In the case of our patient, extensive investigations have excluded other possible causes of stroke. Transcranial Doppler examination demonstrated RLS after a “Valsalva maneuver,” strongly suggesting a cardioembolic stroke.^9,10 Therefore, anticoagulant therapy for secondary prevention was deemed appropriate. ¹¹ The patient provided informed consent for off-label use of dabigatran and concomitant consideration of PFO closure. As the patient underwent urgent intracranial stenting during thrombectomy for revealed intracranial subocclusive stenosis, antiplatelet therapy had to be introduced simultaneously, with ticagrelor being chosen. ¹² It has less known possible resistance than clopidogrel (5%–44% clopidogrel nonresponders across various studies). ¹³

The etiology of the verified intracranial stenosis remained uncertain. Although atherosclerotic intracranial artery stenosis could be considered, the absence of involvement of other intracranial blood vessels made atherosclerosis less likely. ¹⁴ Artery dissection, another common cause of ischemic stroke in young adults, was ruled out based on the absence of characteristic morphological features. The possibility of a congenital localized stenosis of LICA was raised, but not confirmed. Such isolated intracranial large vessel stenosis without an identifiable cause is extremely rare and requires specific interventional and therapeutic approaches.

Symptomatic intracranial artery stenosis is the most common cause of stroke worldwide, and can be treated through medical, surgical, or endovascular strategies. ¹⁵ The VISSIT and the SAMMPRIS trials have both compared the efficacy and the success rate of angioplasty with stenting and aggressive medical therapy. They have shown that endovascular intervention does not provide additional benefits.^4,7,16 However, endovascular treatment can be considered for patients unresponsive to medical therapy, yielding a 95.7% success rate and low reocclusion rates (14.7%). ⁴ In our patient, intracranial acute stenting was indicated due to localized intracranial stenosis of the LICA, and antiplatelet therapy was initiated for 3 months, as sole thrombectomy could not achieve sufficient blood flow in the stenotic vessel. Complications arose after 14 weeks from the procedure, with stent restenosis, thrombosis, and distal embolization occurring 2 weeks after discontinuing ticagrelor. Apparently, anticoagulation therapy was not sufficient to prevent thrombotic events in the attenuated blood flow through the stent. By introducing DAPT and ceasing anticoagulation therapy, the thrombus resolved while maintaining stent patency.

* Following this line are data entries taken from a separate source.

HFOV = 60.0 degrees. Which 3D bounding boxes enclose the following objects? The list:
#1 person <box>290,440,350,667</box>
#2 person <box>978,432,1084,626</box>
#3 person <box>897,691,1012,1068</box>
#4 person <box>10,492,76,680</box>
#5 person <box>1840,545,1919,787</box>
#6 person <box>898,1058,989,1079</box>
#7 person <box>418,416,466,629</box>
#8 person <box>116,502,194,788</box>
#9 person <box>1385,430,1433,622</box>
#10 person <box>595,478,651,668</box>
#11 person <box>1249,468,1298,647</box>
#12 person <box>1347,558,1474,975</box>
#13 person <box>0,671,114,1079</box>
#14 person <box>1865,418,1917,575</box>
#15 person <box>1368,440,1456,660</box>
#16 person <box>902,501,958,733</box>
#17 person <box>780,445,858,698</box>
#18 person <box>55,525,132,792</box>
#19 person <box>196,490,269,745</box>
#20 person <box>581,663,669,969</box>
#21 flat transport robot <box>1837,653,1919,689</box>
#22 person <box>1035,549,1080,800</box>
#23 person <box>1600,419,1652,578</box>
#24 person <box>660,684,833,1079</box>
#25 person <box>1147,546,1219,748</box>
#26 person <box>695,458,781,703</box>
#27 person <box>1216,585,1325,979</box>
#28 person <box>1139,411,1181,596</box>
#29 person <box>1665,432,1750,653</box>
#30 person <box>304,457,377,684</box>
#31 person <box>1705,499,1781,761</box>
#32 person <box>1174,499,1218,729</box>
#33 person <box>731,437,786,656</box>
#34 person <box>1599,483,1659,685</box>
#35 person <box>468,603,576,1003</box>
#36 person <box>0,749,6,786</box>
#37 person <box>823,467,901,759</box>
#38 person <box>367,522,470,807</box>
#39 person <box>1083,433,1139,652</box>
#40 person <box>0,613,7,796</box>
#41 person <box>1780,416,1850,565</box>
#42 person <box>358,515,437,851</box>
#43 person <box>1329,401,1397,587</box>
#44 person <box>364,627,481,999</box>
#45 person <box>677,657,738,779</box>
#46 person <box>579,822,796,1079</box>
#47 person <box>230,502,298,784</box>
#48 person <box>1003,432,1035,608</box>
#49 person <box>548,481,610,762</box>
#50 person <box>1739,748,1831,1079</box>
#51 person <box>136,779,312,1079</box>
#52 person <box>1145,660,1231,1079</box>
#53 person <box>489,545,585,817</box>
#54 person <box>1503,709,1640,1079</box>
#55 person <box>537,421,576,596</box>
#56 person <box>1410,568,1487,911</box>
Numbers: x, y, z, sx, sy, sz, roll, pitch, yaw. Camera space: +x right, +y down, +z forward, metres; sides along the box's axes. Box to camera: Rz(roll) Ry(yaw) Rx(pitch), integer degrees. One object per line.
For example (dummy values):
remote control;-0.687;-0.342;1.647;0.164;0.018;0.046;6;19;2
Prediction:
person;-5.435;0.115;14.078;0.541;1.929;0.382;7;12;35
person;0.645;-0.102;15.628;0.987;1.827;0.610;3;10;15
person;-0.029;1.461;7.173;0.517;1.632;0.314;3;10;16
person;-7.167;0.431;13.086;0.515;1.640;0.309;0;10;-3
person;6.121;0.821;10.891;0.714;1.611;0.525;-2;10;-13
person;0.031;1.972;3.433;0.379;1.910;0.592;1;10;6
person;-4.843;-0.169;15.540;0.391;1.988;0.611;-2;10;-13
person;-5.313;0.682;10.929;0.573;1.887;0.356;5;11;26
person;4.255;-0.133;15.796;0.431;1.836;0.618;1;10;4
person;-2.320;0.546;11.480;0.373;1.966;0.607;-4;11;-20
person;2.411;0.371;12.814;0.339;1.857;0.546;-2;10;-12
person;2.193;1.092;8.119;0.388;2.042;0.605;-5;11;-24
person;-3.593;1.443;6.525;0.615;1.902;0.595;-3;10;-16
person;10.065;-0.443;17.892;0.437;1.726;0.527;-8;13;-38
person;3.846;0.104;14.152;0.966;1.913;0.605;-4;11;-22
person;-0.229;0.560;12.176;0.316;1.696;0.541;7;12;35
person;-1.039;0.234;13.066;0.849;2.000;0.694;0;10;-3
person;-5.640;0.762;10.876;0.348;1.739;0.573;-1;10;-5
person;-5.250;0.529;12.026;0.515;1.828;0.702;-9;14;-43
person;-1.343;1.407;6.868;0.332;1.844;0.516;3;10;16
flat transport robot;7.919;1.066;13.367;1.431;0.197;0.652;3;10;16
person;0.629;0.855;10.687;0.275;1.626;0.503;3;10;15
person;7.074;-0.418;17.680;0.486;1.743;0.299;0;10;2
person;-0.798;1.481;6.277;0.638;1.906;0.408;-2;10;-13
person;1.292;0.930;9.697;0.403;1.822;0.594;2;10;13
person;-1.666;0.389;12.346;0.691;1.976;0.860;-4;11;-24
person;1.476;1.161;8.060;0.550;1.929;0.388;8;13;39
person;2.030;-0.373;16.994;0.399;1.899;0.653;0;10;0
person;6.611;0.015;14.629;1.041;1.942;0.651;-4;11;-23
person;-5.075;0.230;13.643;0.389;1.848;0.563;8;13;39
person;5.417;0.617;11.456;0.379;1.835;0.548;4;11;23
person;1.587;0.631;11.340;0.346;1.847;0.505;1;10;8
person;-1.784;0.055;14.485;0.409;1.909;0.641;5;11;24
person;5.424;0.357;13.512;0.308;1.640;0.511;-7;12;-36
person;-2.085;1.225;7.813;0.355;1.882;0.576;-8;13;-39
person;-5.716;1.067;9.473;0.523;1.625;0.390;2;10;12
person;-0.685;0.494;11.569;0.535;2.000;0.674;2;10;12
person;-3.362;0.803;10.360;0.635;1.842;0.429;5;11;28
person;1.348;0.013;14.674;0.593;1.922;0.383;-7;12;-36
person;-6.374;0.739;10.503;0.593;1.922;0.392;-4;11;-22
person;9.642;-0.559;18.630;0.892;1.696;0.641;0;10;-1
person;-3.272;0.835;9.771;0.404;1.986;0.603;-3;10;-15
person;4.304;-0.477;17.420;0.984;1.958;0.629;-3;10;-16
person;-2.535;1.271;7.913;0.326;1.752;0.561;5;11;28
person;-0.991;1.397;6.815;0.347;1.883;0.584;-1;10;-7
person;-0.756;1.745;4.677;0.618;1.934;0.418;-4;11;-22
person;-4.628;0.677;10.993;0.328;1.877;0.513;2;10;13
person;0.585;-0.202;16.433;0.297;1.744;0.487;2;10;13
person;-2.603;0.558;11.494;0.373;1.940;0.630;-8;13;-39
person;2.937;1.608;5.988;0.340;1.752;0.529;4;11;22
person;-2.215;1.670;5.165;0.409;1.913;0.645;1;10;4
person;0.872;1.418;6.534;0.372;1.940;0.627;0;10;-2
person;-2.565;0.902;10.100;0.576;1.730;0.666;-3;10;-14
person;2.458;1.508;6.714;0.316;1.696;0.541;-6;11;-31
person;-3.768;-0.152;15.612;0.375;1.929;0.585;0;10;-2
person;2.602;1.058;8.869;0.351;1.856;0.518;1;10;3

Considering the etiology of stroke in our patient, the intracranial stenosis may have played a more significant role than PFO itself, highlighting the importance of considering both factors in the choice and exclusion of antithrombotic therapy. Following PFO closure, and the continuation of antiplatelet therapy, the patient remained clinically stable without further complications during the two-year follow-up period.

Conclusion

Acute ischemic stroke (AIS) is a relatively uncommon occurrence in young patients and its etiology necessitates meticulous investigation to establish accurate secondary prevention strategies. PFO may serve as a potential etiological factor for cardioembolic strokes in this particular patient population; however, this possibility should only be entertained after ruling out all other potential causes. In our presented case, the patient underwent confirmation of a significant PFO and embolic events via transcranial doppler (TCD) detection, which appeared to be the sole attributable factor for the stroke episode. Despite the presence of the PFO, the concurrent occurrence of intracranial focal stenosis in large blood vessels necessitated an urgent intracranial stenting, along with a temporary regimen of combined antiplatelet and anticoagulation therapy. Following the closure of the PFO, long-term antiplatelet therapy, specifically acetylsalicylic acid, was continued. This case serves to exemplify the imperative for a comprehensive and meticulous diagnostic approach as well as a judicious selection of treatment modalities, in young patients presenting with a dual pathology.